L:=[x, x^2,y,z]: f:=proc(X::anything,x::symbol) local la,y; if patmatch(X, conditional( y::anything, _has(y,x) ),'la') then eval(y,la); eval(%,x={a,b}); else X; fi; end proc; map(X->f(X,x),L); [{a, b}, {a, b}^2, y, z]
Actually, we do not need patmatch for this, but the above is just an exercise. This can be done in one line in Maple as follows
L:=[x, x^2,y,z]: map(X->eval(X,x={a,b}),L) [{a, b}, {a, b}^2, y, z]
In Mathematica
{x, x^2, y, z} /. x -> {a, b} {{a, b}, {a^2, b^2}, y, z}
Replace \(sin\) by \(cos\)
f:=proc(X::anything) local la,x; if patmatch(X, conditional( x::anything, _has(x,sin) ),'la') then eval(x,la); eval(%,sin=cos); else X; fi; end proc; L:=[sin(x), cos(x)+sin(2*x),tan(x)]: map(X->f(X), L); [cos(x), cos(x) + cos(2*x), tan(x)]
Actually, we do not need patmatch for this, but the above is just an exercise. This can be done in one line in Maple as follows
L:=[sin(x), cos(x)+sin(2*x),tan(x)]: map(X->eval(X,sin=cos), L) [cos(x), cos(x) + cos(2*x), tan(x)]
In Mathematica
{Sin[x], Cos[x] + Sin[2*x], Tan[x]} /. Sin -> Cos {Cos[x], Cos[x] + Cos[2 x], Tan[x]}
Use pattern to replace \(x^n\) by \(f(n)\)

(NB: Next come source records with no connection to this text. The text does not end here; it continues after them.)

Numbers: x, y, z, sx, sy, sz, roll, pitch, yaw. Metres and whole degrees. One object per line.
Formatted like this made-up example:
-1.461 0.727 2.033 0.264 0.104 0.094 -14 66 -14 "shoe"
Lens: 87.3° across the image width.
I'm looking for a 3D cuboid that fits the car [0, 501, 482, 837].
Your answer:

restart; expr:=1 + x^2 + x^4; F:=proc(X::anything,x::symbol) local la,y,n; if patmatch(X, (y::anything)^(n::'nonunit'(anything)) ,'la') then if eval(y,la)=1 then #bug in maple? X; else f(eval(n,la)); fi; else X; fi; end proc; map(X->F(X,x), expr); f(4) + f(2) + 1
In Mathematica
1 + x^2 + x^4 /. x^p_ :> f[p] 1 + f[2] + f[4]
replaces a whole expression by default. In Maple, this is easier to do it without pattern, like this
restart; expr:=f(1, 2, z); e:=map(X->`if`(X::integer,"int",X),[op(expr)]); f(op(e)) f("int", "int", z)

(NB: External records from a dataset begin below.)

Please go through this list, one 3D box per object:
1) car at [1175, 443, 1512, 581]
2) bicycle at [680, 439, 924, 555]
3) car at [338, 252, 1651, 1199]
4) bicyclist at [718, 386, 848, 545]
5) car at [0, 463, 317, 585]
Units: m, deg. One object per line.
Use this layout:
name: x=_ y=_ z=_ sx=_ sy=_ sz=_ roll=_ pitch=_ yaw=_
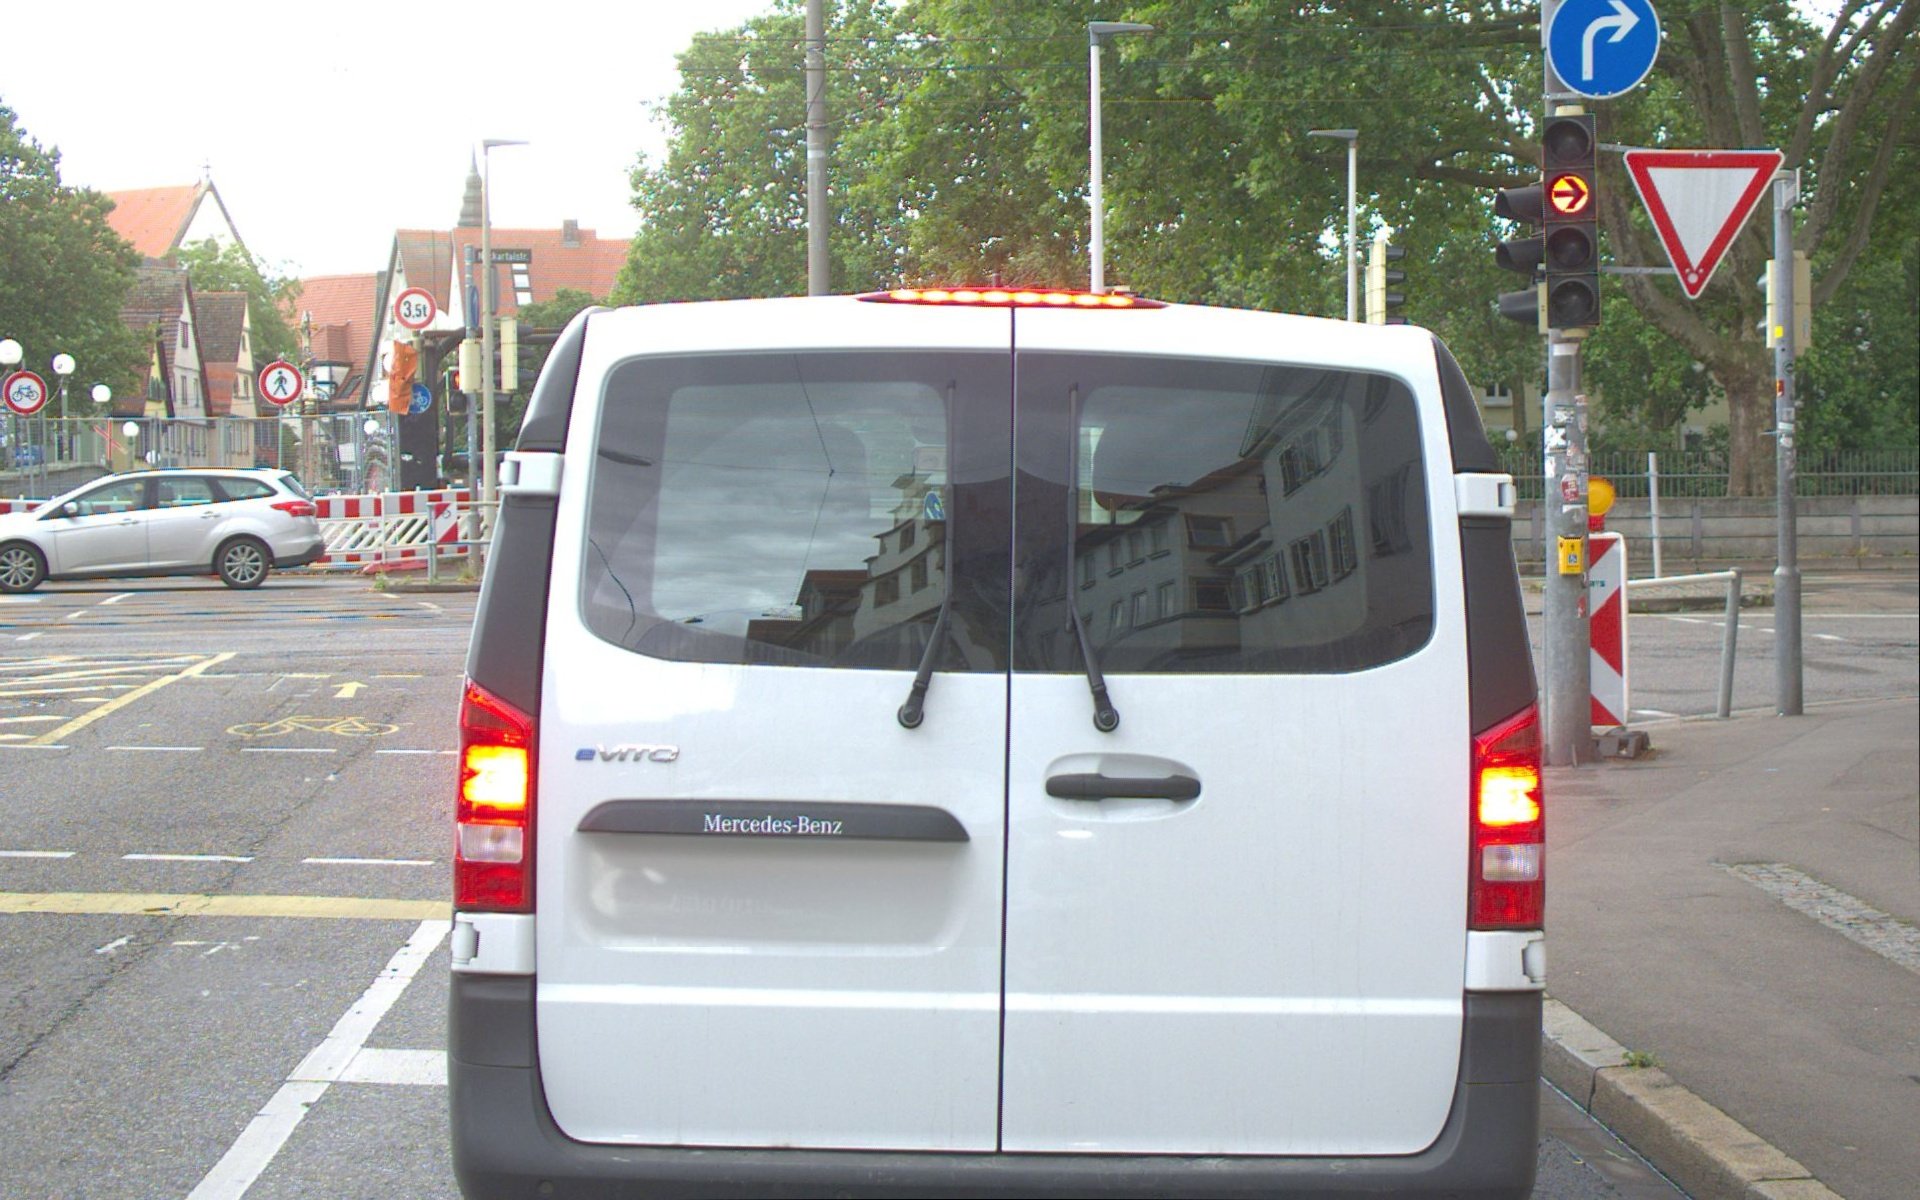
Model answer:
car: x=4.992 y=-1.129 z=45.014 sx=3.986 sy=1.734 sz=2.000 roll=0 pitch=0 yaw=-10
bicycle: x=-2.198 y=-1.426 z=47.548 sx=3.144 sy=1.564 sz=1.471 roll=-1 pitch=1 yaw=-14
car: x=-0.001 y=0.335 z=7.391 sx=1.993 sy=1.916 sz=4.250 roll=1 pitch=3 yaw=-1
bicyclist: x=-2.453 y=-1.841 z=47.384 sx=1.563 sy=2.148 sz=1.248 roll=-1 pitch=1 yaw=-14
car: x=-10.031 y=-0.932 z=41.919 sx=4.274 sy=1.447 sz=1.900 roll=0 pitch=1 yaw=-11

In Mathematica, a pattern works easier
Replace[f[1, 2, z], _Integer :> "int", {1}] f["int", "int", z]
The main issue is that it is hard to match a squence in Maple. For example, in Mathematica this works
f[1, 2, z] /. f[x___] :> x Sequence[1, 2, z]
But in Maple
expr:=f(1, 2, z); patmatch(expr, f(x::anything)) false
So pattern matching does work to match sequence of arguments.